In some embodiments, the HA sequences that encode the Influenza Type A/Wisconsin/588/2019 (H1N1) pdm09-like virus HA protein (e.g., SEQ ID NO: 175) . In some embodiments, the HA sequences that encode as at least 90%, at least 91%, at least 92%, at least 93%, at least 94%, at least 95%, at least 96%, at least 97%, at least 98%, at least 99%or 100%identity to a nucleotide sequence selected from the group consisting of SEQ ID NOs: 182, 184-188, and 209-210. In some embodiments, the HA sequences that encode Influenza Type A/Darwin/6/2021 (H3N2) -like virus HA protein (e.g., SEQ ID NO: 177) have at least 90%, at least 91%, at least 92%, at least 93%, at least 94%, at least 95%, at least 96%, at least 97%, at least 98%, or at least 99%identity to a nucleotide sequence selected from the group consisting of SEQ ID NOs: 183, 189-193, and 211-212. In some embodiments, the HA sequences that encode Influenza Type B/Austria/1359417/2021 (B/Victoria lineage) -like virus HA protein (e.g., SEQ ID NO: 179) have at least 90%, at least 91%, at least 92%, at least 93%, at least 94%, at least 95%, at least 96%, at least 97%, at least 98%, or at least 99%identity to a nucleotide sequence selected from the group consisting of SEQ ID NOs: 194-198 and 213-219. In some embodiments, the HA sequences that encode Influenza Type B/Phuket/3073/2013 (B/Yamagata lineage) -like virus HA protein (e.g., SEQ ID NO: 180) have at least 90%, at least 91%, at least 92%, at least 93%, at least 94%, at least 95%, at least 96%, at least 97%, at least 98%, or at least 99%identity to a nucleotide sequence selected from the group consisting of SEQ ID NOs: 199-203 and 220-221. In some embodiments, the four HA sequences have at least 90%, at least 95%, at least 97%, at least 98%, at least 99%, or 100%sequence identity to the nucleotide sequences of SEQ ID NOs: 210, 211, 214, and 221, respectively. In some embodiments, the four circRNAs have at least 90%, at least 95%, at least 97%, at least 98%, at least 99%, or 100%sequence identity to the nucleotide sequences of SEQ ID NOs: 501, 519, 514, and 508, respectively.

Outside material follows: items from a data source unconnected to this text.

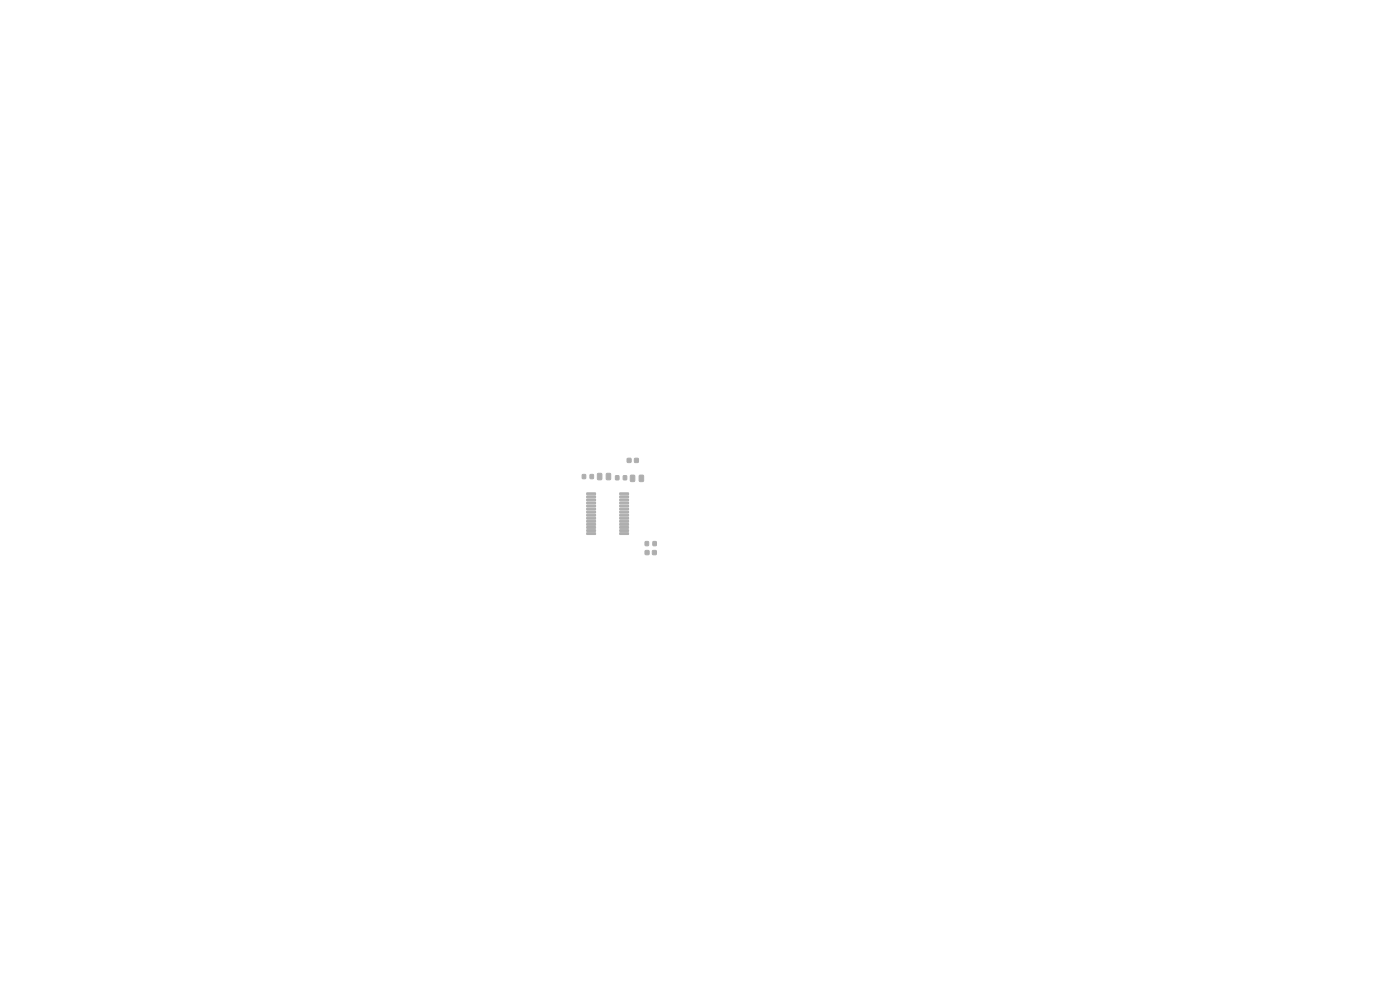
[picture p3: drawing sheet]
<svg xmlns="http://www.w3.org/2000/svg" width="297mm" height="210mm" viewBox="0 0 297 210" stroke-linecap="round" stroke-linejoin="round" font-family="sans-serif">
<g fill="#bba9a4" stroke="#bba9a4" stroke-width=".21">
<path d="M131.5 113h1.8l.1 .3-1.8 .1z"/>
<path d="M131.5 112.4l1.8-.1 .1 .3-1.8 .1z"/>
<path d="M131.5 111.7h1.8l.1 .3-1.8 .1z"/>
<path d="M131.5 111.1l1.8-.1 .1 .3-1.8 .1z"/>
<path d="M131.5 110.4h1.8l.1 .3-1.8 .1z"/>
<path d="M131.5 109.8l1.8-.1 .1 .3-1.8 .1z"/>
<path d="M131.5 109.1h1.8l.1 .3-1.8 .1z"/>
<path d="M131.5 108.5l1.8-.1 .1 .3-1.8 .1z"/>
<path d="M131.5 107.8h1.8l.1 .3-1.8 .1z"/>
<path d="M131.5 107.2l1.8-.1 .1 .3-1.8 .1z"/>
<path d="M131.5 106.5h1.8l.1 .3-1.8 .1z"/>
<path d="M131.5 105.9l1.8-.1 .1 .3-1.8 .1z"/>
<path d="M131.5 105.2h1.8l.1 .3-1.8 .1z"/>
<path d="M131.5 104.6l1.8-.1 .1 .3-1.8 .1z"/>
<path d="M124.5 104.6l1.8-.1 .1 .3-1.8 .1z"/>
<path d="M124.5 105.2h1.8l.1 .3-1.8 .1z"/>
<path d="M124.5 105.9l1.8-.1 .1 .3-1.8 .1z"/>
<path d="M124.5 106.5h1.8l.1 .3-1.8 .1z"/>
<path d="M124.5 107.2l1.8-.1 .1 .3-1.8 .1z"/>
<path d="M124.5 107.8h1.8l.1 .3-1.8 .1z"/>
<path d="M124.5 108.5l1.8-.1 .1 .3-1.8 .1z"/>
<path d="M124.5 109.1h1.8l.1 .3-1.8 .1z"/>
<path d="M124.5 109.8l1.8-.1 .1 .3-1.8 .1z"/>
<path d="M124.5 110.4h1.8l.1 .3-1.8 .1z"/>
<path d="M124.5 111.1l1.8-.1 .1 .3-1.8 .1z"/>
<path d="M124.5 111.7h1.8l.1 .3-1.8 .1z"/>
<path d="M124.5 112.4l1.8-.1 .1 .3-1.8 .1z"/>
<path d="M124.5 113h1.8l.1 .3-1.8 .1z"/>
<path d="M133.8 100.8h.6l.3 .1v1l-.2 .3h-.6l-.2-.2z"/>
<path d="M135.6 100.8h.7l.2 .1 .1 1-.2 .3h-.6l-.2-.2z"/>
<path d="M136.9 114.9h.7v.8h-.7z"/>
<path d="M138.5 114.9h.7v.8h-.7z"/>
<path d="M123.5 100.7h.7v.8h-.7z"/>
<path d="M125.2 100.7h.7v.8h-.7z"/>
<path d="M130.6 100.9h.7v.9h-.7z"/>
<path d="M132.2 100.9h.7v.9h-.7z"/>
<path d="M133.1 97.3h.7v.8h-.7z"/>
<path d="M134.6 97.3h.8v.8h-.8z"/>
<path d="M136.9 116.8h.8v.8h-.8z"/>
<path d="M138.4 116.8h.8v.8h-.8z"/>
<path d="M126.8 100.5l.6-.1 .3 .1v1l-.2 .3h-.5l-.3-.2z"/>
<path d="M128.7 100.5l.6-.1 .2 .1 .1 1-.2 .3h-.6l-.2-.2z"/>
</g>
</svg>

In some embodiments, the four influenza viruses are Influenza Type A/Wisconsin/67/2022 (H1N1) , Influenza Type A/Darwin/6/2021 (H3N2) , Influenza Type B/Austria/1359417/2021 (B/Victoria lineage) , and Influenza Type B/Phuket/3073/2013 (B/Yamagata lineage) . In some embodiments, the four HA antigens are Influenza Type A/Wisconsin/67/2022 (H1N1) pdm09-like virus HA protein (e.g., SEQ ID NO: 235) , Influenza Type A/Darwin/6/2021 (H3N2) -like virus HA protein (e.g., SEQ ID NO: 177) , Influenza Type B/Austria/1359417/2021 (B/Victoria lineage) -like virus HA protein (e.g., SEQ ID NO: 179) , and Influenza Type B/Phuket/3073/2013 (B/Yamagata lineage) -like virus HA protein (e.g., SEQ ID NO: 180) . In some embodiments, the four HA antigens have amino acid sequences that have at least 90%, at least 95%, at least 97%, at least 98%, at least 99%, or 100%sequence identity to the amino acid sequence of SEQ ID NOs: 235, 177, 179, and 180, respectively.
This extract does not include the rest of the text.